After the formation of the Sun and the planets from a interstellar cloud of gas, the matter that was left behind coalesced into the
asteroids,
meteors, and
comets, and a halo of rocks beyond the orbit of Neptune (50AU from Sun), collectively known as the
Kuiper Belt. Scientists have long suspected that a occasional nudge or gravitational instability (due to a passing star, or attraction by the larger planets such as Neptune and Uranus) could and should push one or more of these rocks towards the Sun. These rocks then end up as meteors, only to crash into the Sun or planets, or get captured as a moon of a large planet.
Phoebe (Courtesy: NASA)Recent observations by the
Cassini craft orbiting the Saturnian system have now
confirmed that the moon
Phoebe was once a member of the Kuiper Belt. Such inward motion by Kuiper-Belt objects have been theorized before. Most notably, it is possible that the meteorite that helped kill off the dinosaurs some 65 million years ago, was indeed such an object. Similarly, an ancient interaction with Saturn left the moon Phoebe as its prisoner. Before Cassini flew by the moon, little if anything was known about it. During the encounter, scientists got the first detailed look at Phoebe, which allowed them to determine its makeup and mass. With the new information they have concluded that it has an outer solar system origin, like Pluto and other Kuiper Belt objects.
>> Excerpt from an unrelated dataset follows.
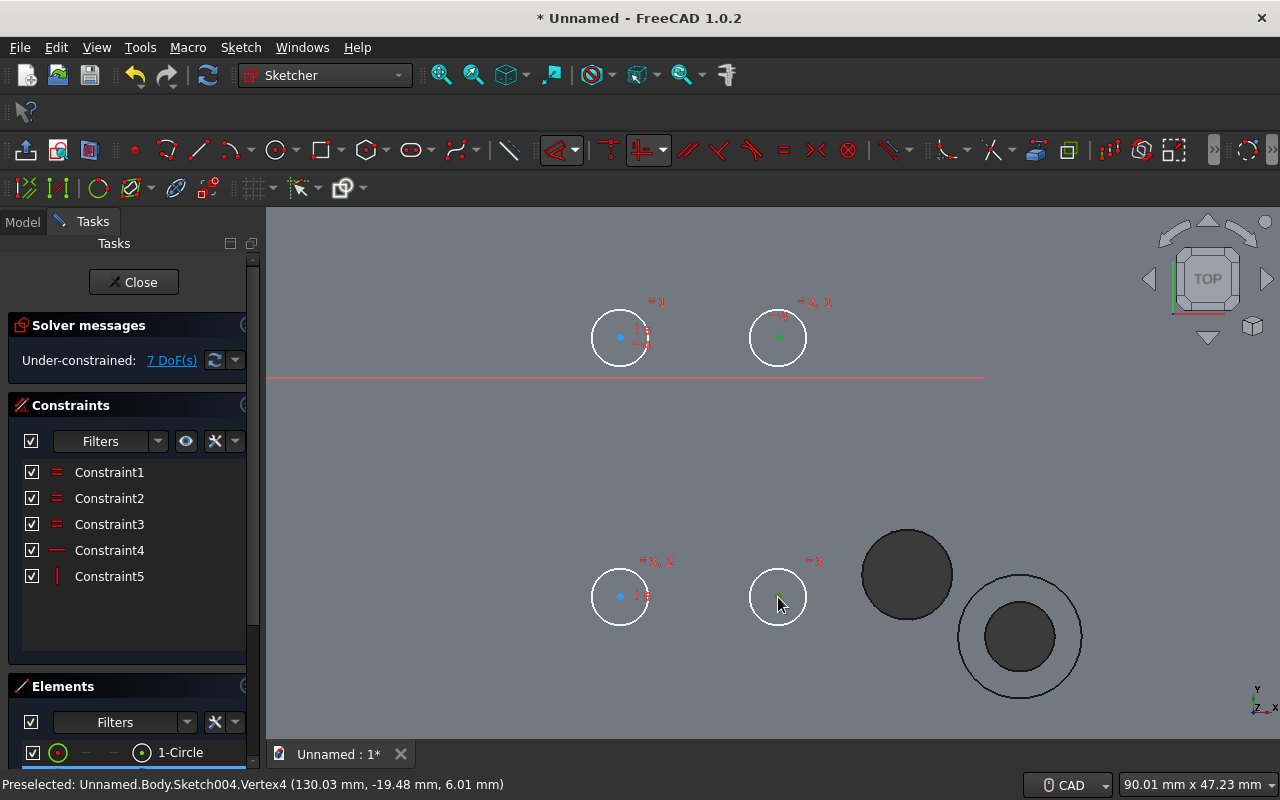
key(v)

It seems that Phoebe has a totally different ratio of rock and ice, as compared to other Saturnian moons. Its density is about 1.6 g/cc, much lighter than most rocks but heavier than pure ice, which is about 0.93 g/cc. This suggests a composition of ice and rock similar to that of Pluto and Neptune's moon Triton. Whether Saturn's other moons are also prisoners from the Kuiper's Belt remains to be seen.